A panel of speakers, including EU blogger Jon Worth, Berlin correspondent for The Guardian Philip Oltermann, and writer and translator Brian Melican took the stage to explain just what to expect in the coming months.
With around 100 people gathered in a pub basement over beers, the numbers present were a small fraction of the roughly 107,000 of Her Majesty's subjects living in Germany.
We don’t want them here but we do want to go and live there … hmmmmm!!! pic.twitter.com/On7VAHDz63— Sony Kapoor (@SonyKapoor) February 24, 2016
The latest official figures report roughly 5,600 Brits living in Berlin – although the real number is likely higher as some British migrants do not bother with German registration procedures.
“This is an important issue for the individuals,” Jon Worth told the crowd. “What does it mean for us [if Britain votes to leave the European Union]?
“Do you [in Berlin] want to persuade friends back home to vote one way or another? Or is it about getting German citizenship as your alternative – maybe Berlin matters more to you than returning back to the UK?”
Four months to decide
With a referendum now set for June 23, there are four months for the “Leave” and “Remain” camps back home to make their cases.
And the battle lines are already drawn, Guardian journalist Oltermann explained, with Outers convinced that a deal struck by David Cameron at marathon negotiations two weeks ago is meaningless, while In campaigners say it fundamentally changes Britain's status in the Union.
Roughly 40 percent are firmly for each side and the remainder undecided, leaving the race just as close as the vote on Scottish independence in 2014.
Graphic: Financial Times
That's why Brian Melican - who recently obtained German citizenship - was on hand to walk other potential Germans through the process.

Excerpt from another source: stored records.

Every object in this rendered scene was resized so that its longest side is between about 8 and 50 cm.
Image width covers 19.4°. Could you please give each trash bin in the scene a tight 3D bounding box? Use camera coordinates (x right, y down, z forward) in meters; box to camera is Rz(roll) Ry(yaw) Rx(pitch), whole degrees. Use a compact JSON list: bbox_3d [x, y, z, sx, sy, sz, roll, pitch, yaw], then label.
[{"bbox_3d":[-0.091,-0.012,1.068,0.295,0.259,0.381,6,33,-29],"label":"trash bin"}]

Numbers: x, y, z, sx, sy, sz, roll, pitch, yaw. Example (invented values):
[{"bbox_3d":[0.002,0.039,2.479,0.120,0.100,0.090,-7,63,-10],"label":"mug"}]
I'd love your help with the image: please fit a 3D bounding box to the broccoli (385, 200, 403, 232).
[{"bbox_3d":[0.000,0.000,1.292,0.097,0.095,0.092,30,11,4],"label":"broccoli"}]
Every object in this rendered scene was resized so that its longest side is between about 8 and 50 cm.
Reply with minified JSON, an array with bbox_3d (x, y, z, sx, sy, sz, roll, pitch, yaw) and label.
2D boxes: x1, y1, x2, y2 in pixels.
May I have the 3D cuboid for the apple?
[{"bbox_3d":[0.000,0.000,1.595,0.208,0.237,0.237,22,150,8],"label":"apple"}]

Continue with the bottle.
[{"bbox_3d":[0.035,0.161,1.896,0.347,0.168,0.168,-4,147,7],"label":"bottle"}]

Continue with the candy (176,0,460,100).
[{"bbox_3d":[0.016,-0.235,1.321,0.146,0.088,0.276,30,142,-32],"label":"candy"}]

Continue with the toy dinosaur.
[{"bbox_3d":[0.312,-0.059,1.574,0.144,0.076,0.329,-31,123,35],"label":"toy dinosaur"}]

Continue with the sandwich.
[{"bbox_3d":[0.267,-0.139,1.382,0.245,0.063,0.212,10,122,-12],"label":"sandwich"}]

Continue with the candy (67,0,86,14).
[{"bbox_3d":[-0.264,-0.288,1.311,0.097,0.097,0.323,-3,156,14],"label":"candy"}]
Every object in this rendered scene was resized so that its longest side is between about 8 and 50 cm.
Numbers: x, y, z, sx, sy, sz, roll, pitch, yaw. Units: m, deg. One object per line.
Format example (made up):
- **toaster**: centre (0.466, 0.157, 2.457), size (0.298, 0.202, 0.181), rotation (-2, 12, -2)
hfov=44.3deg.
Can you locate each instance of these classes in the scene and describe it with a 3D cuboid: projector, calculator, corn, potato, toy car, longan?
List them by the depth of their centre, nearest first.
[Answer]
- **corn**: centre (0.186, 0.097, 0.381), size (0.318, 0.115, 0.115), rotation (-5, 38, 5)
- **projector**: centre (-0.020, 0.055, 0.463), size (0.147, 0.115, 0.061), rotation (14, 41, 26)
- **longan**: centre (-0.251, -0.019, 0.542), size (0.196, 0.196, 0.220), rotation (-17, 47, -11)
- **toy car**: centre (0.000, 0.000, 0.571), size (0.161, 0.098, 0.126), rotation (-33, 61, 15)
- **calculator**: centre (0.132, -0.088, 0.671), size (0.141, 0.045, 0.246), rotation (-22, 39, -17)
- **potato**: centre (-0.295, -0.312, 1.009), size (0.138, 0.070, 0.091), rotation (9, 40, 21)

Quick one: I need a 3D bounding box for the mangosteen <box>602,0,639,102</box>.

“I'm not much of a risk-taker – I live in Germany,” Melican told the crowd to a burst of laughter.
“Germans like to know what's going to happen in the future and I'm very German in that regard, so when this whole thing kicked off – for me the Conservative government being voted in meant that on the horizon there was a possibility Britain might not be in the EU.”
Berlin Brits fear for future
Many of the people in the audience told The Local that they were concerned about what Brexit might mean for them.
“I'm increasingly anxious,” Mancunian journalist Sophie Atkinson, 27, said. “I wanted to see in the worst-case scenario what my options are,” such as taking German citizenship.
“I worry that Britain will leave,” said Emily Wright, a 32-year-old student from Birmingham.
“I thought initially it's quite good that we're having the debate, because it's been festering so long. It would be great if we resoundingly voted to stay in, but that's clearly not going to be the case.”
“Having not just lived in Germany but also for a while in Spain and in Poland, there are so many benefits of being in the EU,” said Bedford native Melissa James, 25.
“Personally I've benefited and I don't really see the disadvantages.”
Plenty of people present were readying themselves to follow Melican's route of taking German citizenship.
That's an option for those who've lived in Germany for more than eight years – or more than six if they can demonstrate “special integration achievements”, like mastering the German language or doing voluntary work.
Those who have married a German citizen only need to demonstrate that they've lived in the country for three years.
“I've lived here for seven and a half years, so I'm quite far along for the citizenship application. I'd like the security,” said translator Ian Farrell, 29.
“No-one knows what's going to happen with the EU if we vote to leave, and I don't trust the British public to understand the situation properly – everyone just follows the media frenzy.”
Please don't go
The Local asked all our interviewees what their message would be for people back home.
“I wouldn't like to tell anybody how to vote. Try looking beyond what the mainstream media is telling you, try looking at what the EU actually does – the UK media just reports the negative,” translator Farrell said.
“We are quite grateful for the position we're in as British citizens and citizens of Europe,” said Rohit Kakar, 27, a human resources controller at German energy giant Eon.
“[Leaving] would be a selfish decision by the UK, there are plenty more problems out there.”
so many brits in berlin. europe works. already proven. #BERbritsbrexit— Alexander Wragge (@Alexanderwragge) February 24, 2016
“Europe isn't perfect, it has a lot of issues and it's going through a difficult time right now,” Emily Wright said.
“But we have to look at the long-term perspective. There are so many issues these days – the environment, climate change, immigration – maybe geographically Britain is an island but politically it's not.
“It's better to be in the EU, to co-operate with our neighbours and find common solutions that benefit everyone.”